Dataset entries:
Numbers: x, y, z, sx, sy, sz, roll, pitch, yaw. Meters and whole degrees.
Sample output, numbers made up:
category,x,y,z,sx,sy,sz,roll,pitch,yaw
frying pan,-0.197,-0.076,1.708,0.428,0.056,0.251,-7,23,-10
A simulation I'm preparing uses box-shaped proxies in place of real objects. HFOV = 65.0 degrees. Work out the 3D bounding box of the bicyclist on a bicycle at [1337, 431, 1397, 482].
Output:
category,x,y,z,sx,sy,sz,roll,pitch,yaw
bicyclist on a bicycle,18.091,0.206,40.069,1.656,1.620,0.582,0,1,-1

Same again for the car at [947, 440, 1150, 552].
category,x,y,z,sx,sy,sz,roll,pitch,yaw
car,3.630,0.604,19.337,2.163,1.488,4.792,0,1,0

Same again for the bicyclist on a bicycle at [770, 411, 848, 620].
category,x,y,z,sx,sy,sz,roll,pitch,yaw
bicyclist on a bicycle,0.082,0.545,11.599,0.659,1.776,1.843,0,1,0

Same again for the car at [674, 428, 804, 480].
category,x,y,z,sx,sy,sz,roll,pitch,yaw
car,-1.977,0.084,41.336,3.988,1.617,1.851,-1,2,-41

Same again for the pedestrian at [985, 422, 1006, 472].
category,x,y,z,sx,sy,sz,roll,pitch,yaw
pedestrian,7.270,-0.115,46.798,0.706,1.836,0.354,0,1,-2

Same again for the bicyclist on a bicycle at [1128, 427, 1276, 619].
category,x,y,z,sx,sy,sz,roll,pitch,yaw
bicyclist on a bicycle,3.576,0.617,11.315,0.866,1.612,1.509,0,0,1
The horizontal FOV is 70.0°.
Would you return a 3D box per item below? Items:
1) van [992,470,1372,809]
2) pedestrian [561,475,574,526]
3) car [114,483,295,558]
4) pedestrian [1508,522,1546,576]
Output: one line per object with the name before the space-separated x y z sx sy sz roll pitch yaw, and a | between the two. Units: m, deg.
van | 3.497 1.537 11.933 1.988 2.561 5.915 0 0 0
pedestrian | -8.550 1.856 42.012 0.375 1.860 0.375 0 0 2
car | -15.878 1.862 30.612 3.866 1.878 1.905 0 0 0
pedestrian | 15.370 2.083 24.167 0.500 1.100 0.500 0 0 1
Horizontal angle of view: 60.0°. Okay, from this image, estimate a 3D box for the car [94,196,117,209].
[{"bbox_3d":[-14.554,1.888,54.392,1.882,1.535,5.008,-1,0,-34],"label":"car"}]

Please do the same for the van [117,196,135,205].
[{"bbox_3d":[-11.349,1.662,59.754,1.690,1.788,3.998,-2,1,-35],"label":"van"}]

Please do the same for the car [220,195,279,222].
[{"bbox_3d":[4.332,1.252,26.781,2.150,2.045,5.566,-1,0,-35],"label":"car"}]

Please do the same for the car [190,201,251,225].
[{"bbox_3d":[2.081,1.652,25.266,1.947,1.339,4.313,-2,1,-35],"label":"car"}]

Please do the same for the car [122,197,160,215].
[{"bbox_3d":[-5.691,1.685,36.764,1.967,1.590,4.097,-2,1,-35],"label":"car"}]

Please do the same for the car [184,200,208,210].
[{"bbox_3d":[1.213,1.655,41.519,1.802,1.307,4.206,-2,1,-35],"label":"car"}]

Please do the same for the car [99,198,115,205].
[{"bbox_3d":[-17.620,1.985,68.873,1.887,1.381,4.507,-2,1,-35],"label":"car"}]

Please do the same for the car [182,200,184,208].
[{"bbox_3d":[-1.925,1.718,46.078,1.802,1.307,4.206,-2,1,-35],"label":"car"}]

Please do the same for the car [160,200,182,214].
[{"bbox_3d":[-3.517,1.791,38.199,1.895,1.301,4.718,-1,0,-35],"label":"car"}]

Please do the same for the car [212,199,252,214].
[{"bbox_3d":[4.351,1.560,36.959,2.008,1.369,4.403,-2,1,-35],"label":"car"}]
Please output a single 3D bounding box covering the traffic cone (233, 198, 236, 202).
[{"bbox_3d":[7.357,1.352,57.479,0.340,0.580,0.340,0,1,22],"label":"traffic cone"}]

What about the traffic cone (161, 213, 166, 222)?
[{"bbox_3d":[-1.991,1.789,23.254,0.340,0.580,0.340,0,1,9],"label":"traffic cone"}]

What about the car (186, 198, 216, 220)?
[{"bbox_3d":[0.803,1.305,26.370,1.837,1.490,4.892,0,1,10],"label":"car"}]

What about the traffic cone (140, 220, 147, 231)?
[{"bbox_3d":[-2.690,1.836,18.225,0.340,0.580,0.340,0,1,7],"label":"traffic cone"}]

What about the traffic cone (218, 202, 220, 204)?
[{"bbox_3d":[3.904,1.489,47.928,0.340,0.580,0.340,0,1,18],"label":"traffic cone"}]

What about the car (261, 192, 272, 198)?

WHAT THE TASK REQUIRES: The required result is a verbatim copy of all the entries.

SOLUTION FOR THIS PROBLEM:
Numbers: x, y, z, sx, sy, sz, roll, pitch, yaw. Meters and whole degrees.
Sample output, numbers made up:
category,x,y,z,sx,sy,sz,roll,pitch,yaw
frying pan,-0.197,-0.076,1.708,0.428,0.056,0.251,-7,23,-10
A simulation I'm preparing uses box-shaped proxies in place of real objects. HFOV = 65.0 degrees. Work out the 3D bounding box of the bicyclist on a bicycle at [1337, 431, 1397, 482].
Output:
category,x,y,z,sx,sy,sz,roll,pitch,yaw
bicyclist on a bicycle,18.091,0.206,40.069,1.656,1.620,0.582,0,1,-1

Same again for the car at [947, 440, 1150, 552].
category,x,y,z,sx,sy,sz,roll,pitch,yaw
car,3.630,0.604,19.337,2.163,1.488,4.792,0,1,0

Same again for the bicyclist on a bicycle at [770, 411, 848, 620].
category,x,y,z,sx,sy,sz,roll,pitch,yaw
bicyclist on a bicycle,0.082,0.545,11.599,0.659,1.776,1.843,0,1,0

Same again for the car at [674, 428, 804, 480].
category,x,y,z,sx,sy,sz,roll,pitch,yaw
car,-1.977,0.084,41.336,3.988,1.617,1.851,-1,2,-41

Same again for the pedestrian at [985, 422, 1006, 472].
category,x,y,z,sx,sy,sz,roll,pitch,yaw
pedestrian,7.270,-0.115,46.798,0.706,1.836,0.354,0,1,-2

Same again for the bicyclist on a bicycle at [1128, 427, 1276, 619].
category,x,y,z,sx,sy,sz,roll,pitch,yaw
bicyclist on a bicycle,3.576,0.617,11.315,0.866,1.612,1.509,0,0,1
The horizontal FOV is 70.0°.
Would you return a 3D box per item below? Items:
1) van [992,470,1372,809]
2) pedestrian [561,475,574,526]
3) car [114,483,295,558]
4) pedestrian [1508,522,1546,576]
Output: one line per object with the name before the space-separated x y z sx sy sz roll pitch yaw, and a | between the two. Units: m, deg.
van | 3.497 1.537 11.933 1.988 2.561 5.915 0 0 0
pedestrian | -8.550 1.856 42.012 0.375 1.860 0.375 0 0 2
car | -15.878 1.862 30.612 3.866 1.878 1.905 0 0 0
pedestrian | 15.370 2.083 24.167 0.500 1.100 0.500 0 0 1
Horizontal angle of view: 60.0°. Okay, from this image, estimate a 3D box for the car [94,196,117,209].
[{"bbox_3d":[-14.554,1.888,54.392,1.882,1.535,5.008,-1,0,-34],"label":"car"}]

Please do the same for the van [117,196,135,205].
[{"bbox_3d":[-11.349,1.662,59.754,1.690,1.788,3.998,-2,1,-35],"label":"van"}]

Please do the same for the car [220,195,279,222].
[{"bbox_3d":[4.332,1.252,26.781,2.150,2.045,5.566,-1,0,-35],"label":"car"}]

Please do the same for the car [190,201,251,225].
[{"bbox_3d":[2.081,1.652,25.266,1.947,1.339,4.313,-2,1,-35],"label":"car"}]

Please do the same for the car [122,197,160,215].
[{"bbox_3d":[-5.691,1.685,36.764,1.967,1.590,4.097,-2,1,-35],"label":"car"}]

Please do the same for the car [184,200,208,210].
[{"bbox_3d":[1.213,1.655,41.519,1.802,1.307,4.206,-2,1,-35],"label":"car"}]

Please do the same for the car [99,198,115,205].
[{"bbox_3d":[-17.620,1.985,68.873,1.887,1.381,4.507,-2,1,-35],"label":"car"}]

Please do the same for the car [182,200,184,208].
[{"bbox_3d":[-1.925,1.718,46.078,1.802,1.307,4.206,-2,1,-35],"label":"car"}]

Please do the same for the car [160,200,182,214].
[{"bbox_3d":[-3.517,1.791,38.199,1.895,1.301,4.718,-1,0,-35],"label":"car"}]

Please do the same for the car [212,199,252,214].
[{"bbox_3d":[4.351,1.560,36.959,2.008,1.369,4.403,-2,1,-35],"label":"car"}]
Please output a single 3D bounding box covering the traffic cone (233, 198, 236, 202).
[{"bbox_3d":[7.357,1.352,57.479,0.340,0.580,0.340,0,1,22],"label":"traffic cone"}]

What about the traffic cone (161, 213, 166, 222)?
[{"bbox_3d":[-1.991,1.789,23.254,0.340,0.580,0.340,0,1,9],"label":"traffic cone"}]

What about the car (186, 198, 216, 220)?
[{"bbox_3d":[0.803,1.305,26.370,1.837,1.490,4.892,0,1,10],"label":"car"}]

What about the traffic cone (140, 220, 147, 231)?
[{"bbox_3d":[-2.690,1.836,18.225,0.340,0.580,0.340,0,1,7],"label":"traffic cone"}]

What about the traffic cone (218, 202, 220, 204)?
[{"bbox_3d":[3.904,1.489,47.928,0.340,0.580,0.340,0,1,18],"label":"traffic cone"}]

What about the car (261, 192, 272, 198)?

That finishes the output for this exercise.